Please transcribe the data below in full. Omit any picture you find in it.
▶
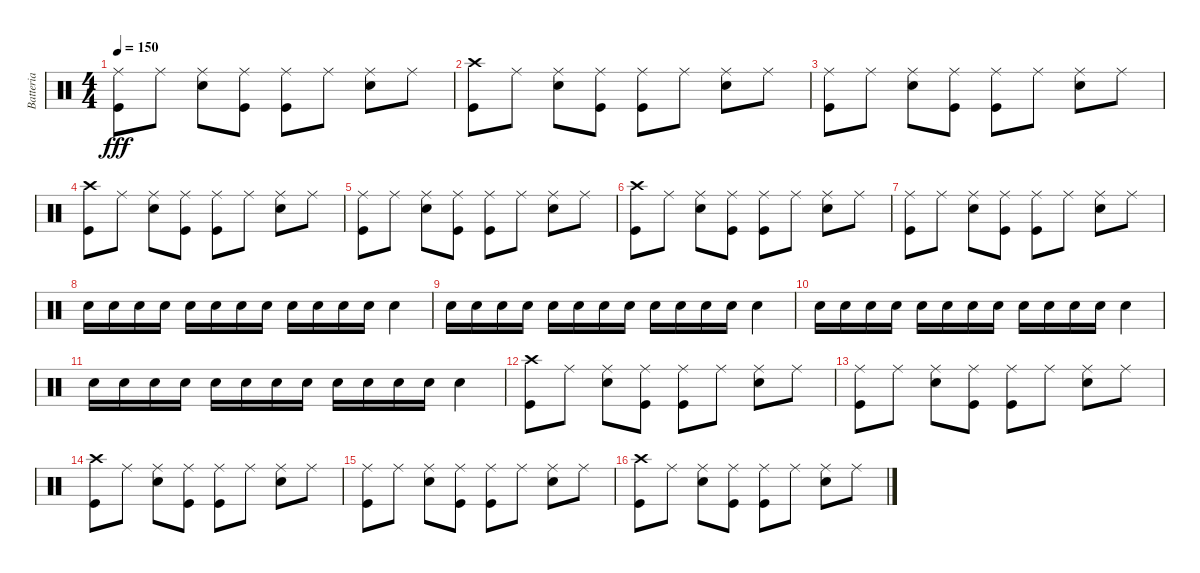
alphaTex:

\track ("Batteria" "Batteria") {instrument percussion}
\staff {score}
\articulation defaults
\ts (4 4)
\tempo 150
\clef neutral
\ks c
("Kick (hit)" "Ride (middle)").8{dy fff} "Ride (middle)".8 ("Ride (middle)" "Electric Snare (hit)").8 ("Kick (hit)" "Ride (middle)").8 ("Kick (hit)" "Ride (middle)").8 "Ride (middle)".8 ("Electric Snare (hit)" "Ride (middle)").8 "Ride (middle)".8 |
("Kick (hit)" "Crash high (hit)").8 "Ride (middle)".8 ("Ride (middle)" "Electric Snare (hit)").8 ("Kick (hit)" "Ride (middle)").8 ("Kick (hit)" "Ride (middle)").8 "Ride (middle)".8 ("Electric Snare (hit)" "Ride (middle)").8 "Ride (middle)".8 |
("Kick (hit)" "Ride (middle)").8 "Ride (middle)".8 ("Ride (middle)" "Electric Snare (hit)").8 ("Kick (hit)" "Ride (middle)").8 ("Kick (hit)" "Ride (middle)").8 "Ride (middle)".8 ("Electric Snare (hit)" "Ride (middle)").8 "Ride (middle)".8 |
("Kick (hit)" "Crash high (hit)").8 "Ride (middle)".8 ("Ride (middle)" "Electric Snare (hit)").8 ("Kick (hit)" "Ride (middle)").8 ("Kick (hit)" "Ride (middle)").8 "Ride (middle)".8 ("Electric Snare (hit)" "Ride (middle)").8 "Ride (middle)".8 |
("Kick (hit)" "Ride (middle)").8 "Ride (middle)".8 ("Ride (middle)" "Electric Snare (hit)").8 ("Kick (hit)" "Ride (middle)").8 ("Kick (hit)" "Ride (middle)").8 "Ride (middle)".8 ("Electric Snare (hit)" "Ride (middle)").8 "Ride (middle)".8 |
("Kick (hit)" "Crash high (hit)").8 "Ride (middle)".8 ("Ride (middle)" "Electric Snare (hit)").8 ("Kick (hit)" "Ride (middle)").8 ("Kick (hit)" "Ride (middle)").8 "Ride (middle)".8 ("Electric Snare (hit)" "Ride (middle)").8 "Ride (middle)".8 |
("Kick (hit)" "Ride (middle)").8 "Ride (middle)".8 ("Ride (middle)" "Electric Snare (hit)").8 ("Kick (hit)" "Ride (middle)").8 ("Kick (hit)" "Ride (middle)").8 "Ride (middle)".8 ("Electric Snare (hit)" "Ride (middle)").8 "Ride (middle)".8 |
"Electric Snare (hit)".16 "Electric Snare (hit)".16 "Electric Snare (hit)".16 "Electric Snare (hit)".16 "Electric Snare (hit)".16 "Electric Snare (hit)".16 "Electric Snare (hit)".16 "Electric Snare (hit)".16 "Electric Snare (hit)".16 "Electric Snare (hit)".16 "Electric Snare (hit)".16 "Electric Snare (hit)".16 "Electric Snare (hit)".4 |
"Electric Snare (hit)".16 "Electric Snare (hit)".16 "Electric Snare (hit)".16 "Electric Snare (hit)".16 "Electric Snare (hit)".16 "Electric Snare (hit)".16 "Electric Snare (hit)".16 "Electric Snare (hit)".16 "Electric Snare (hit)".16 "Electric Snare (hit)".16 "Electric Snare (hit)".16 "Electric Snare (hit)".16 "Electric Snare (hit)".4 |
"Electric Snare (hit)".16 "Electric Snare (hit)".16 "Electric Snare (hit)".16 "Electric Snare (hit)".16 "Electric Snare (hit)".16 "Electric Snare (hit)".16 "Electric Snare (hit)".16 "Electric Snare (hit)".16 "Electric Snare (hit)".16 "Electric Snare (hit)".16 "Electric Snare (hit)".16 "Electric Snare (hit)".16 "Electric Snare (hit)".4 |
"Electric Snare (hit)".16 "Electric Snare (hit)".16 "Electric Snare (hit)".16 "Electric Snare (hit)".16 "Electric Snare (hit)".16 "Electric Snare (hit)".16 "Electric Snare (hit)".16 "Electric Snare (hit)".16 "Electric Snare (hit)".16 "Electric Snare (hit)".16 "Electric Snare (hit)".16 "Electric Snare (hit)".16 "Electric Snare (hit)".4 |
("Kick (hit)" "Crash high (hit)").8 "Ride (middle)".8 ("Ride (middle)" "Electric Snare (hit)").8 ("Kick (hit)" "Ride (middle)").8 ("Kick (hit)" "Ride (middle)").8 "Ride (middle)".8 ("Electric Snare (hit)" "Ride (middle)").8 "Ride (middle)".8 |
("Kick (hit)" "Ride (middle)").8 "Ride (middle)".8 ("Ride (middle)" "Electric Snare (hit)").8 ("Kick (hit)" "Ride (middle)").8 ("Kick (hit)" "Ride (middle)").8 "Ride (middle)".8 ("Electric Snare (hit)" "Ride (middle)").8 "Ride (middle)".8 |
("Kick (hit)" "Crash high (hit)").8 "Ride (middle)".8 ("Ride (middle)" "Electric Snare (hit)").8 ("Kick (hit)" "Ride (middle)").8 ("Kick (hit)" "Ride (middle)").8 "Ride (middle)".8 ("Electric Snare (hit)" "Ride (middle)").8 "Ride (middle)".8 |
("Kick (hit)" "Ride (middle)").8 "Ride (middle)".8 ("Ride (middle)" "Electric Snare (hit)").8 ("Kick (hit)" "Ride (middle)").8 ("Kick (hit)" "Ride (middle)").8 "Ride (middle)".8 ("Electric Snare (hit)" "Ride (middle)").8 "Ride (middle)".8 |
("Kick (hit)" "Crash high (hit)").8 "Ride (middle)".8 ("Ride (middle)" "Electric Snare (hit)").8 ("Kick (hit)" "Ride (middle)").8 ("Kick (hit)" "Ride (middle)").8 "Ride (middle)".8 ("Electric Snare (hit)" "Ride (middle)").8 "Ride (middle)".8
◀
Task result
alphaTex:

\track ("Batteria" "Batteria") {instrument percussion}
\staff {score}
\articulation defaults
\ts (4 4)
\tempo 150
\clef neutral
\ks c
("Kick (hit)" "Ride (middle)").8{dy fff} "Ride (middle)".8 ("Ride (middle)" "Electric Snare (hit)").8 ("Kick (hit)" "Ride (middle)").8 ("Kick (hit)" "Ride (middle)").8 "Ride (middle)".8 ("Electric Snare (hit)" "Ride (middle)").8 "Ride (middle)".8 |
("Kick (hit)" "Crash high (hit)").8 "Ride (middle)".8 ("Ride (middle)" "Electric Snare (hit)").8 ("Kick (hit)" "Ride (middle)").8 ("Kick (hit)" "Ride (middle)").8 "Ride (middle)".8 ("Electric Snare (hit)" "Ride (middle)").8 "Ride (middle)".8 |
("Kick (hit)" "Ride (middle)").8 "Ride (middle)".8 ("Ride (middle)" "Electric Snare (hit)").8 ("Kick (hit)" "Ride (middle)").8 ("Kick (hit)" "Ride (middle)").8 "Ride (middle)".8 ("Electric Snare (hit)" "Ride (middle)").8 "Ride (middle)".8 |
("Kick (hit)" "Crash high (hit)").8 "Ride (middle)".8 ("Ride (middle)" "Electric Snare (hit)").8 ("Kick (hit)" "Ride (middle)").8 ("Kick (hit)" "Ride (middle)").8 "Ride (middle)".8 ("Electric Snare (hit)" "Ride (middle)").8 "Ride (middle)".8 |
("Kick (hit)" "Ride (middle)").8 "Ride (middle)".8 ("Ride (middle)" "Electric Snare (hit)").8 ("Kick (hit)" "Ride (middle)").8 ("Kick (hit)" "Ride (middle)").8 "Ride (middle)".8 ("Electric Snare (hit)" "Ride (middle)").8 "Ride (middle)".8 |
("Kick (hit)" "Crash high (hit)").8 "Ride (middle)".8 ("Ride (middle)" "Electric Snare (hit)").8 ("Kick (hit)" "Ride (middle)").8 ("Kick (hit)" "Ride (middle)").8 "Ride (middle)".8 ("Electric Snare (hit)" "Ride (middle)").8 "Ride (middle)".8 |
("Kick (hit)" "Ride (middle)").8 "Ride (middle)".8 ("Ride (middle)" "Electric Snare (hit)").8 ("Kick (hit)" "Ride (middle)").8 ("Kick (hit)" "Ride (middle)").8 "Ride (middle)".8 ("Electric Snare (hit)" "Ride (middle)").8 "Ride (middle)".8 |
"Electric Snare (hit)".16 "Electric Snare (hit)".16 "Electric Snare (hit)".16 "Electric Snare (hit)".16 "Electric Snare (hit)".16 "Electric Snare (hit)".16 "Electric Snare (hit)".16 "Electric Snare (hit)".16 "Electric Snare (hit)".16 "Electric Snare (hit)".16 "Electric Snare (hit)".16 "Electric Snare (hit)".16 "Electric Snare (hit)".4 |
"Electric Snare (hit)".16 "Electric Snare (hit)".16 "Electric Snare (hit)".16 "Electric Snare (hit)".16 "Electric Snare (hit)".16 "Electric Snare (hit)".16 "Electric Snare (hit)".16 "Electric Snare (hit)".16 "Electric Snare (hit)".16 "Electric Snare (hit)".16 "Electric Snare (hit)".16 "Electric Snare (hit)".16 "Electric Snare (hit)".4 |
"Electric Snare (hit)".16 "Electric Snare (hit)".16 "Electric Snare (hit)".16 "Electric Snare (hit)".16 "Electric Snare (hit)".16 "Electric Snare (hit)".16 "Electric Snare (hit)".16 "Electric Snare (hit)".16 "Electric Snare (hit)".16 "Electric Snare (hit)".16 "Electric Snare (hit)".16 "Electric Snare (hit)".16 "Electric Snare (hit)".4 |
"Electric Snare (hit)".16 "Electric Snare (hit)".16 "Electric Snare (hit)".16 "Electric Snare (hit)".16 "Electric Snare (hit)".16 "Electric Snare (hit)".16 "Electric Snare (hit)".16 "Electric Snare (hit)".16 "Electric Snare (hit)".16 "Electric Snare (hit)".16 "Electric Snare (hit)".16 "Electric Snare (hit)".16 "Electric Snare (hit)".4 |
("Kick (hit)" "Crash high (hit)").8 "Ride (middle)".8 ("Ride (middle)" "Electric Snare (hit)").8 ("Kick (hit)" "Ride (middle)").8 ("Kick (hit)" "Ride (middle)").8 "Ride (middle)".8 ("Electric Snare (hit)" "Ride (middle)").8 "Ride (middle)".8 |
("Kick (hit)" "Ride (middle)").8 "Ride (middle)".8 ("Ride (middle)" "Electric Snare (hit)").8 ("Kick (hit)" "Ride (middle)").8 ("Kick (hit)" "Ride (middle)").8 "Ride (middle)".8 ("Electric Snare (hit)" "Ride (middle)").8 "Ride (middle)".8 |
("Kick (hit)" "Crash high (hit)").8 "Ride (middle)".8 ("Ride (middle)" "Electric Snare (hit)").8 ("Kick (hit)" "Ride (middle)").8 ("Kick (hit)" "Ride (middle)").8 "Ride (middle)".8 ("Electric Snare (hit)" "Ride (middle)").8 "Ride (middle)".8 |
("Kick (hit)" "Ride (middle)").8 "Ride (middle)".8 ("Ride (middle)" "Electric Snare (hit)").8 ("Kick (hit)" "Ride (middle)").8 ("Kick (hit)" "Ride (middle)").8 "Ride (middle)".8 ("Electric Snare (hit)" "Ride (middle)").8 "Ride (middle)".8 |
("Kick (hit)" "Crash high (hit)").8 "Ride (middle)".8 ("Ride (middle)" "Electric Snare (hit)").8 ("Kick (hit)" "Ride (middle)").8 ("Kick (hit)" "Ride (middle)").8 "Ride (middle)".8 ("Electric Snare (hit)" "Ride (middle)").8 "Ride (middle)".8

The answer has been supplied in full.